One common use case we see is business report lineage. It sounds simple enough to document reports, the fields within them and where the data is coming from. Oftentimes, it is quickly realized there is a lot of work involved in relating reports to their source and creating descriptions for the content. Then, once you expand this effort to other groups, there are commonly conflicting ideas of metrics or business concepts. You must overcome those challenges with good data governance policies and standards and ensure the right people are at the table.
When thinking about use cases, understand what you expect from the tool. You don’t want to boil the ocean — think incrementally. For this reason, we always suggest starting with a single simple use case to provide value with minimal effort and gradually expand to the next use case.
Starting Small and Thinking Scalability
Start with a small goal for the metadata management tool and make sure data changes will apply to other areas. Efforts within the tool should be repeatable. This can be done by starting as high level as you can and expanding from there once you start getting more users in the tool.

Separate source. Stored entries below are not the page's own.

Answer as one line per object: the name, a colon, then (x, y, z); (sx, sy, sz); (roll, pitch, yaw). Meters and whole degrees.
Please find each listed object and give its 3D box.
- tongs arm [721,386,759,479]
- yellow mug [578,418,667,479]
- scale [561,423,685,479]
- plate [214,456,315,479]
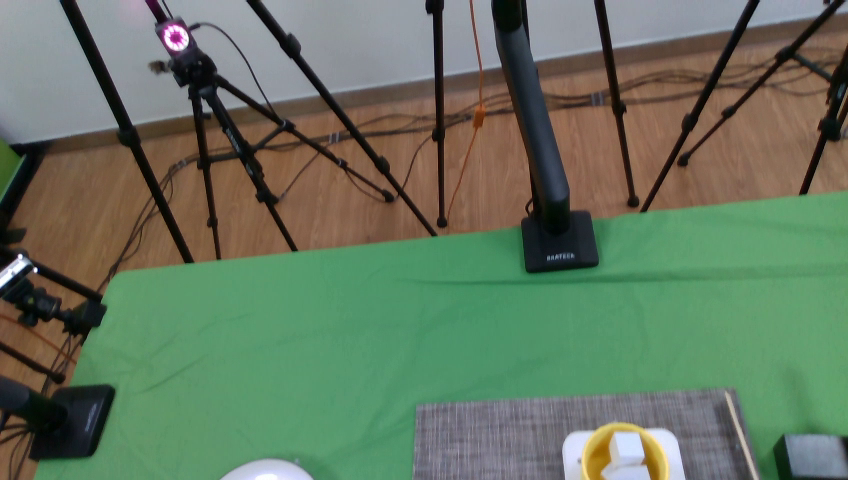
tongs arm: (0.423, 0.350, 0.700); (0.028, 0.028, 0.383); (-25, 50, 23)
yellow mug: (0.242, 0.289, 0.732); (0.100, 0.064, 0.129); (-14, 53, 3)
scale: (0.255, 0.331, 0.757); (0.148, 0.032, 0.199); (-7, 53, 10)
plate: (-0.227, 0.405, 0.826); (0.207, 0.039, 0.205); (-6, 53, 9)
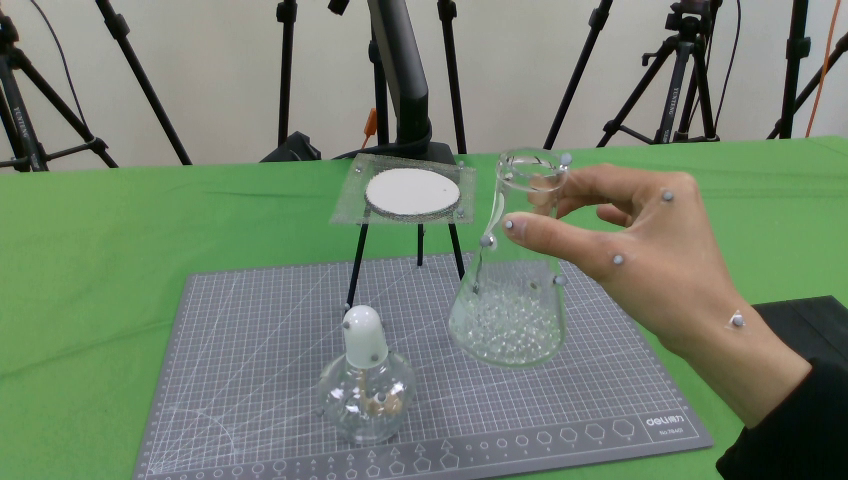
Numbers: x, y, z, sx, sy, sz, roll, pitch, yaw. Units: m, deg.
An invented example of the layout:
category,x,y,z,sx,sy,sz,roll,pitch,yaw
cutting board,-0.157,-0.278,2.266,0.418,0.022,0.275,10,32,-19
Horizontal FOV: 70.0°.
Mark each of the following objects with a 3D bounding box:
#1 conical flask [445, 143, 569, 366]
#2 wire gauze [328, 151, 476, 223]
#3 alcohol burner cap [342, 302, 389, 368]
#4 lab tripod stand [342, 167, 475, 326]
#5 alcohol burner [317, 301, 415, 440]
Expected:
category,x,y,z,sx,sy,sz,roll,pitch,yaw
conical flask,0.053,0.007,0.349,0.075,0.123,0.074,2,34,-1
wire gauze,-0.015,-0.048,0.550,0.121,0.011,0.124,4,34,3
alcohol burner cap,-0.045,0.068,0.449,0.034,0.048,0.033,-4,37,3
lab tripod stand,-0.009,0.007,0.588,0.148,0.132,0.147,3,33,-1
alcohol burner,-0.045,0.097,0.470,0.078,0.120,0.077,0,32,0

To ensure you’re capturing the correct metadata, consider the scalability of efforts across the tool. Determine who will add information and how often it will be updated. Decide on the upkeep of information and if it can be updated automatically.

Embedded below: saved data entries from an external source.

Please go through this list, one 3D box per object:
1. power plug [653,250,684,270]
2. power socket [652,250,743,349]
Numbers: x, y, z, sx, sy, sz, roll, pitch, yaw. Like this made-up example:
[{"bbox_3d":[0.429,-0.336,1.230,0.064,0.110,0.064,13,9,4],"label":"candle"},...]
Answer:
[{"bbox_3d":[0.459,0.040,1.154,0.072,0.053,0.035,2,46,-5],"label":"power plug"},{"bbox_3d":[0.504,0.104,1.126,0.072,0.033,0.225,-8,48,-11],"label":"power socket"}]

But again, don’t try to boil the ocean. Thinking back to the report example I gave earlier, you can auto ingest reports and metadata from your data sources. Once users start to see the functionality, it’s easy to start ingesting a vast amount of metadata with no real game plan on what they will do with it. So, keeping the scope small to start (even if it is tempting to auto-ingest everything) helps to prove value incrementally. Then you can pull together a roadmap on which pieces to tackle next when you have the right people in place.
Here’s a side note about ingesting data: Something you hear from people with auto-ingested data, such as Tableau reports, is that it’s confusing for users. And that’s no surprise with auto-ingestion. People who want automation can still become frustrated when certain ingested metadata is garbage. (“Garbage in, garbage out,” as they say.)
If your metadata is bad or confusing to people, it reflects on the implementation of data — it’s not the fault of your metadata management tool. If you want clean, consistent metadata, get the policies and governance in place to ensure that happens. You can’t blame the metadata management tool for not presenting data in its ideal format if the originating data isn’t in an ideal format.
The People Side of the Tool
A metadata management system is only as effective as the support of the people behind the tool. If you don’t have people to maintain the information, it will fall apart. You want people to come into your metadata tool and find, understand and trust the data.
Make sure to have designated and repeatable resources for maintaining information in the tool before adding any content. For example, identify the role of the business steward. What are their responsibilities? How should they be adding and approving content? Whatever the strategy, it must work for all business stewards, not just one area.
Getting the Most from Your Metadata Management Tool
Implementing and getting the most out of a metadata management tool in your organization can seem daunting. Remember to start small, capture the right information and have use cases in mind and the right people to maintain it. Follow these tips to get the most value from your metadata management tool and avoid common mistakes.